Vold ticks off the extraordinary progress underway in Iraq. In Ramadi, he witnessed ordinary Iraqis braving mortar fire to vote in the January 2005 elections. In just two weeks, on Oct. 15, he adds, these courageous people will have another historic opportunity -- a chance to vote on Iraq's new constitution.
Across Iraq, Americans and Iraqis are working together to reclaim the country from Baathists and terrorists. They are building or refurbishing schools, hospitals, roads and sewer systems. "The battle with the terrorists left Fallujah in rubble," says Vold. "But every day, people thanked us. 'We might have to rebuild our house,' they said, 'but you gave us back our city.' "
Do the Washington protesters know about these great strides? Vold can't say. "When I got back from Iraq, I was disappointed -- astounded, really -- to read the news. The media was saying it's all a failure, while we saw successes around us every day."

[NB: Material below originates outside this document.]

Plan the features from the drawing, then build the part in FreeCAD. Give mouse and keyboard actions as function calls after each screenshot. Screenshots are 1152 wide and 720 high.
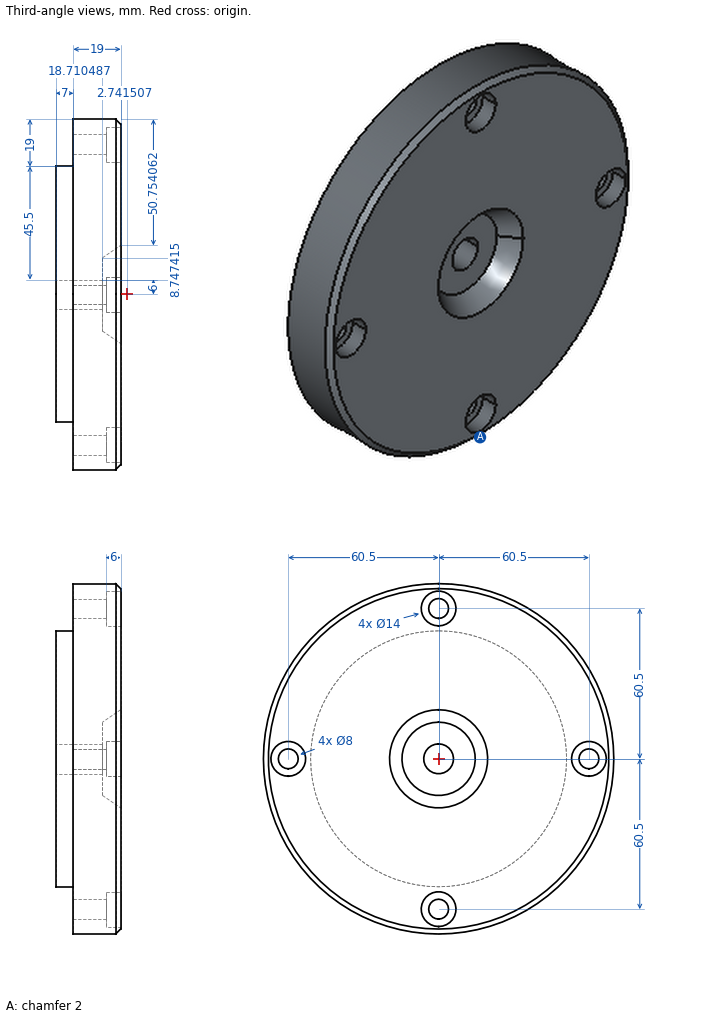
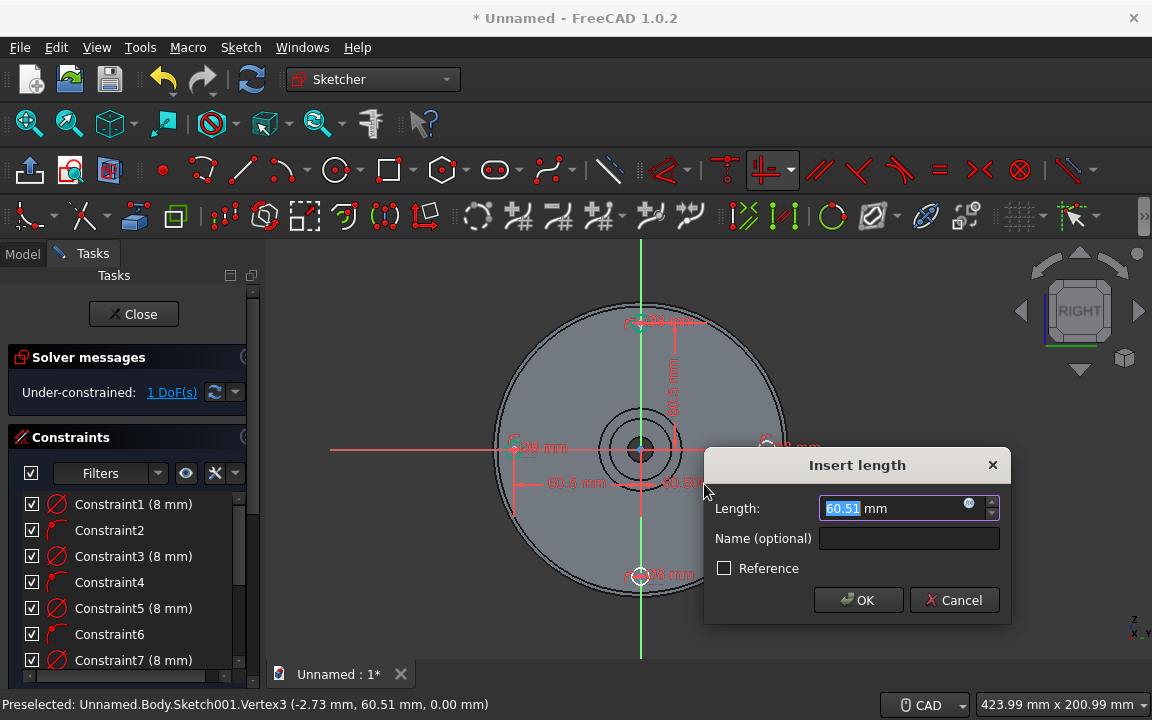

Vold puts the continuing sporadic violence in perspective. Most of Iraq, he says, is quiet. "Baghdad is a vibrant city, the size of Chicago's metro area. A bomb goes off -- it's a bad thing, but it's like we're sitting in Eden Prairie and a bomb goes off in Andover. The police investigate, people go about their business. Rush hour is one big traffic jam."
Antiwar demonstrators sometimes claim that their prime motivation is concern for the safety of American troops. "Support the troops," the lawn signs say, "bring them home."

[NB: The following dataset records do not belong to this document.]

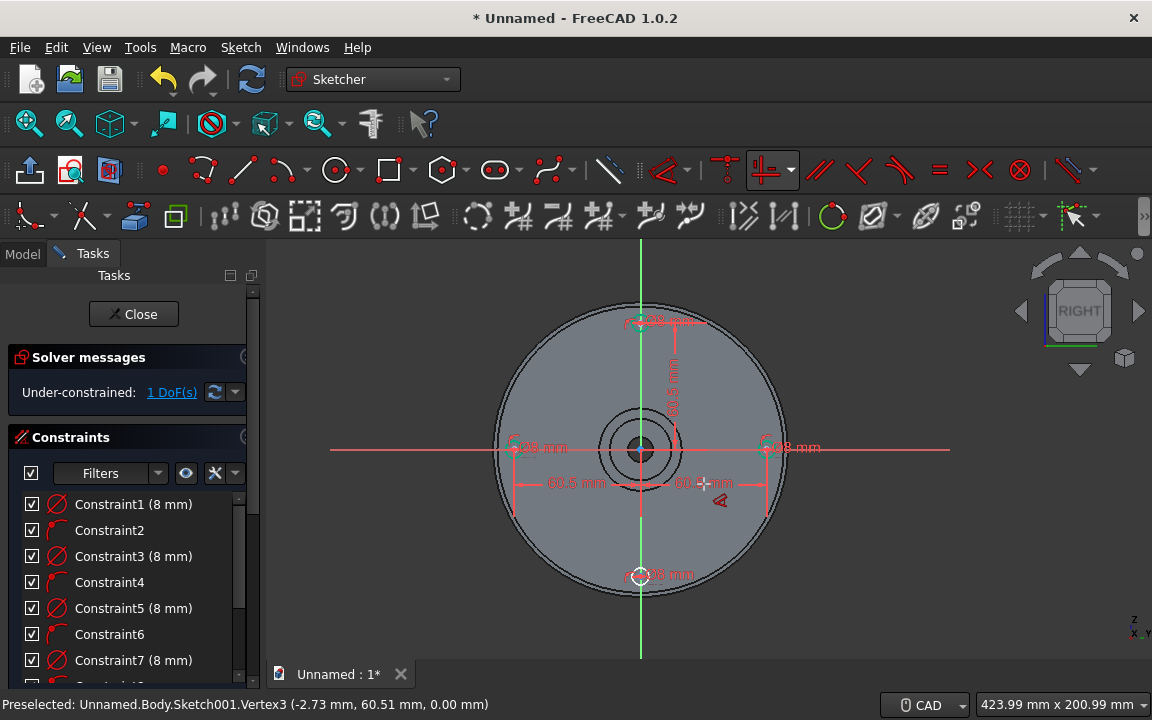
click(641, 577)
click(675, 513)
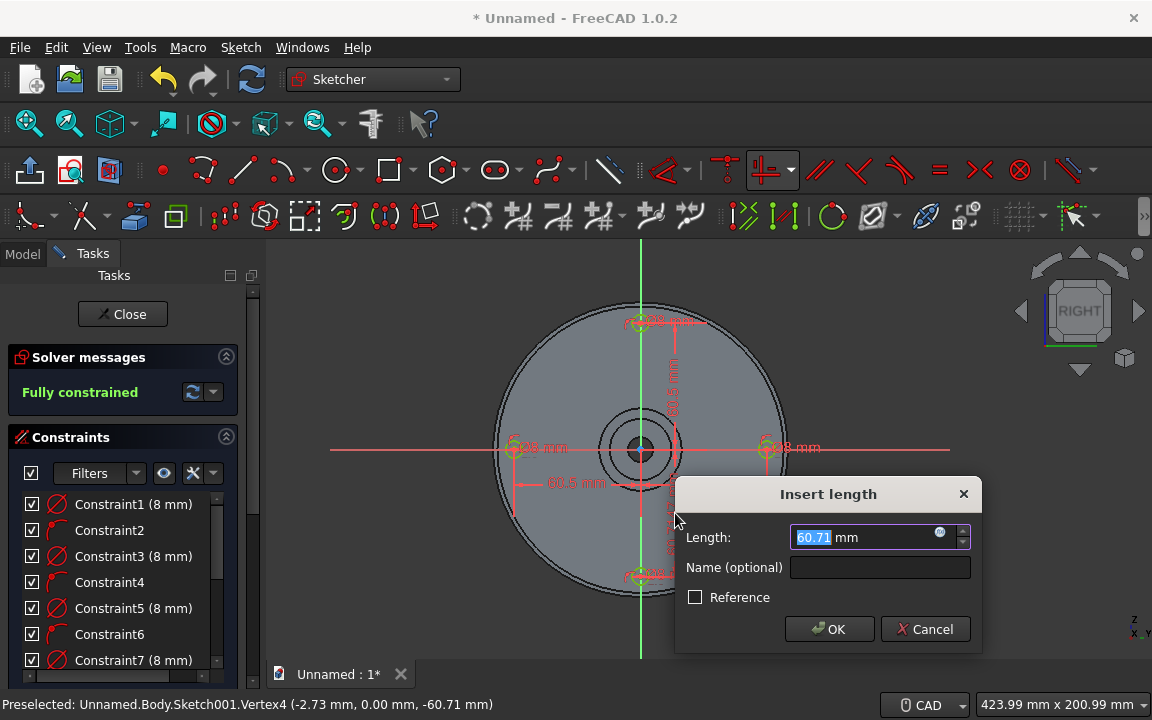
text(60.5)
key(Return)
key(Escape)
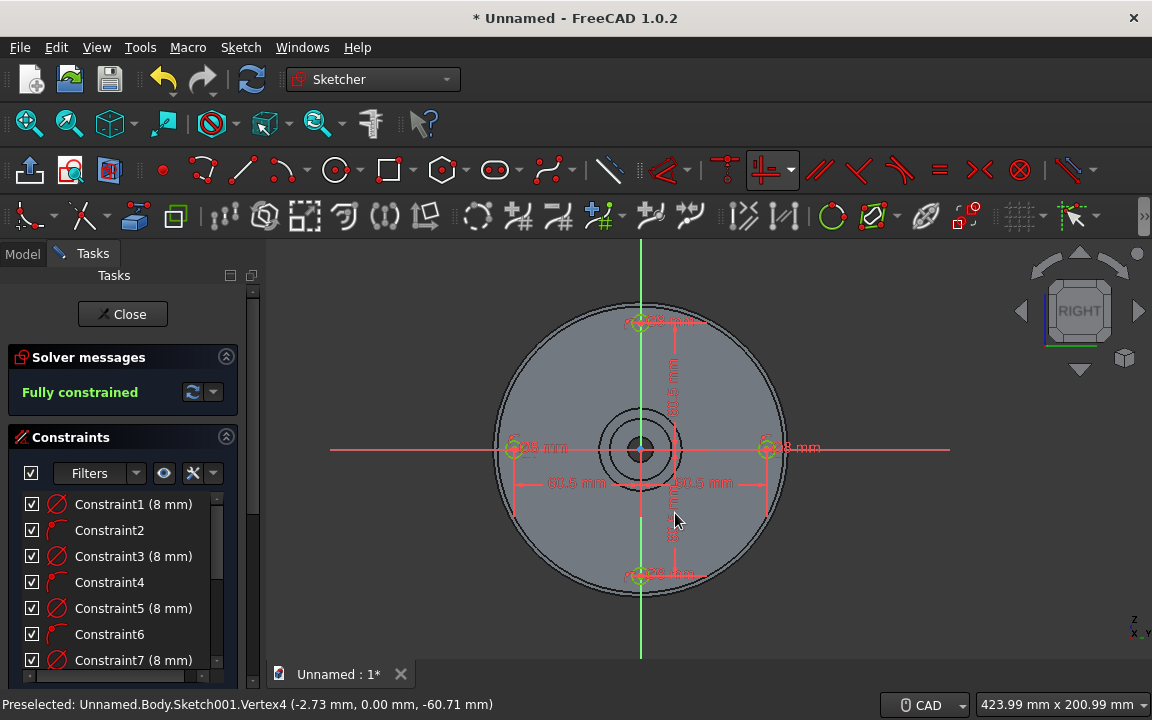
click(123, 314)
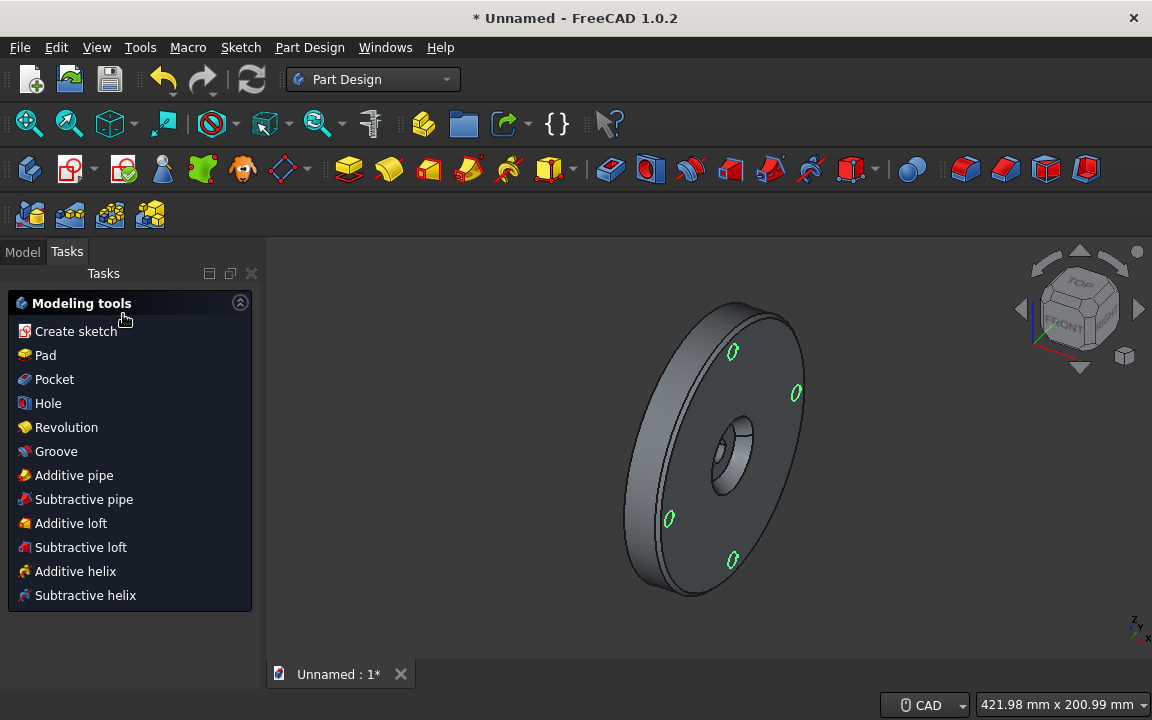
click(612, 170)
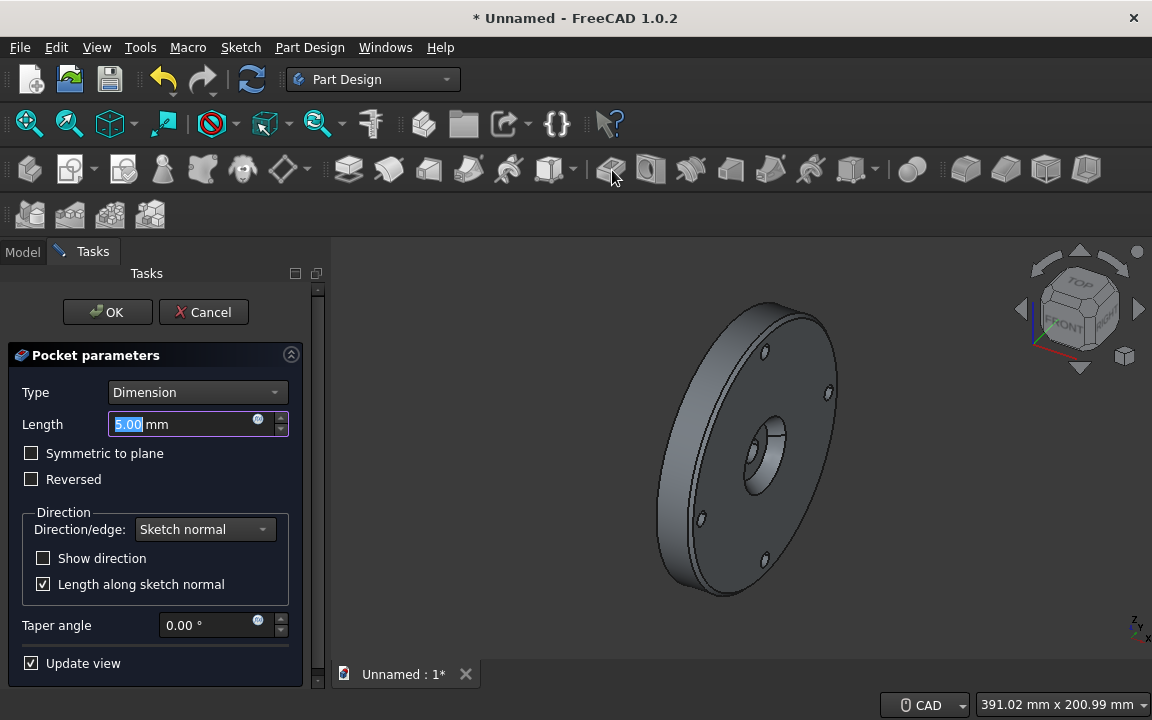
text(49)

But it doesn't work that way, says Vold. "I try not to take it personally. The reason I'm a Marine is to ensure this is a free country. But I don't think the protesters know the effect they're having on the soldiers. You're always tired, cold or hot, homesick. The last thing you need is a sense that people back home say your mission is doomed, when you see good things happening all the time."
Vold adds that antiwar rhetoric sometimes implicitly portrays soldiers as dupes on a fool's errand. "We volunteered to go to Iraq. The guys over there, who know the situation best, are re-enlisting in great numbers. Most of the guys I served with think this is the best thing America has done in our careers."
How did the Sheehan protest play in Iraq? Yesterday, I asked Vold's friend, Lt. Col. James MacVarish, an adviser to Iraqi troops in Fallujah. He told me in an e-mail that the Iraqis he works with believe such protests and the press they generate "play directly to the strengths of our mutual enemy." Iraqis "are absolutely astounded," he adds, "that we 'allow' that to continue." A few days ago, he had to give his Iraqi colleagues an hourlong civics lesson on freedom of the press.
MacVarish says that the terrorists can't win militarily. So their strategy is to make the U.S. and Iraqi people "bleed a little every day." They hope that the resulting media attention will turn the tide of American opinion against the war, and make the political cost of sustaining it too high. "The more play the press gives Cindy Sheehan," MacVarish concludes, "the better the terrorists' chances are of ultimately succeeding here."
What would a terrorist victory mean? "If we leave before the new government is established and the Iraqi Army is ready," says Vold, "the people will be at the mercy of the bad guys" -- beheaders and torturers, who blow up children. MacVarish minces no words: "If the terrorists win over here, stand by. There will be no stopping them anywhere in the world."